(Stored data)
▼▼▼

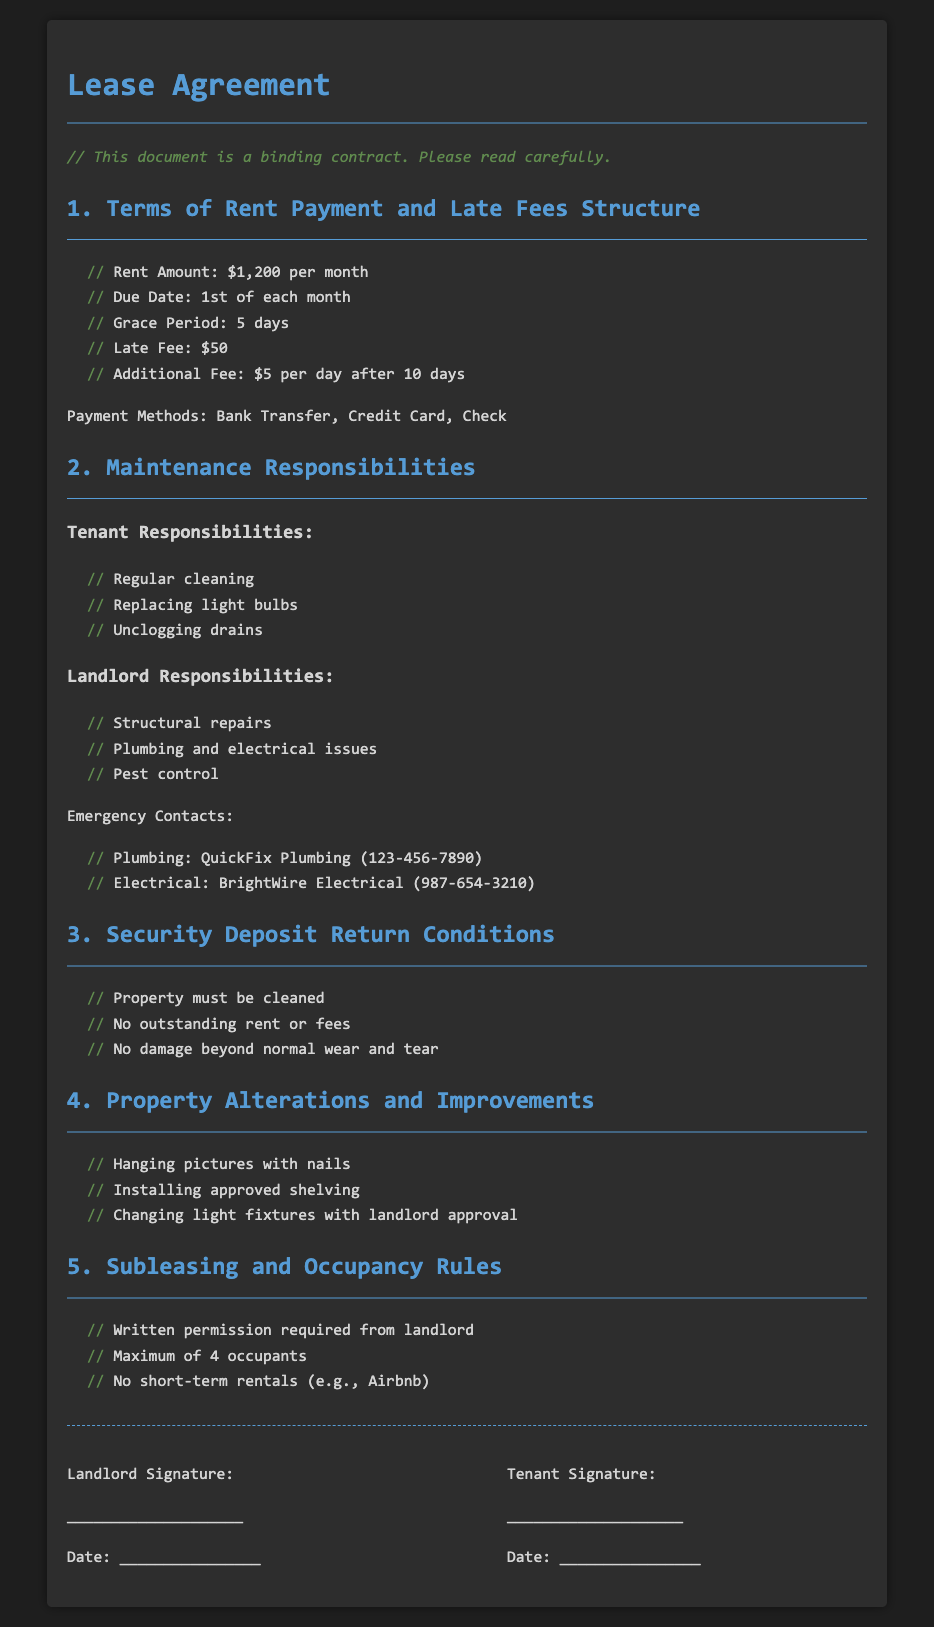what is the monthly rent amount? The rent amount is explicitly stated in the document as $1,200 per month.
Answer: $1,200 what is the late fee for overdue rent? The document specifies a late fee of $50 for overdue rent payments.
Answer: $50 how long is the grace period for rent payment? The grace period is mentioned to be 5 days after the due date.
Answer: 5 days who is responsible for structural repairs? The landlord is responsible for structural repairs, which is highlighted in the maintenance responsibilities section.
Answer: Landlord what must be completed for the security deposit to be returned? The document states that the property must be cleaned and no outstanding rent or fees are allowed for the security deposit to be returned.
Answer: Property must be cleaned what is the maximum number of occupants allowed? The lease agreement specifies that a maximum of 4 occupants is permitted in the property.
Answer: 4 occupants is written permission required for subleasing? The document clearly states that written permission from the landlord is required for subleasing the property.
Answer: Yes what type of property alterations are allowed? The agreement lists that hanging pictures with nails and installing approved shelving are permissible alterations.
Answer: Hanging pictures with nails what is the penalty for payments beyond 10 days late? The document specifies an additional fee of $5 per day for payments beyond 10 days late.
Answer: $5 per day who should be contacted for plumbing emergencies? The emergency contact for plumbing issues provided in the document is QuickFix Plumbing.
Answer: QuickFix Plumbing

▲▲▲

Please count the lines above that contain the string "QuickFix" and reply with the number alone.

## Final answer
2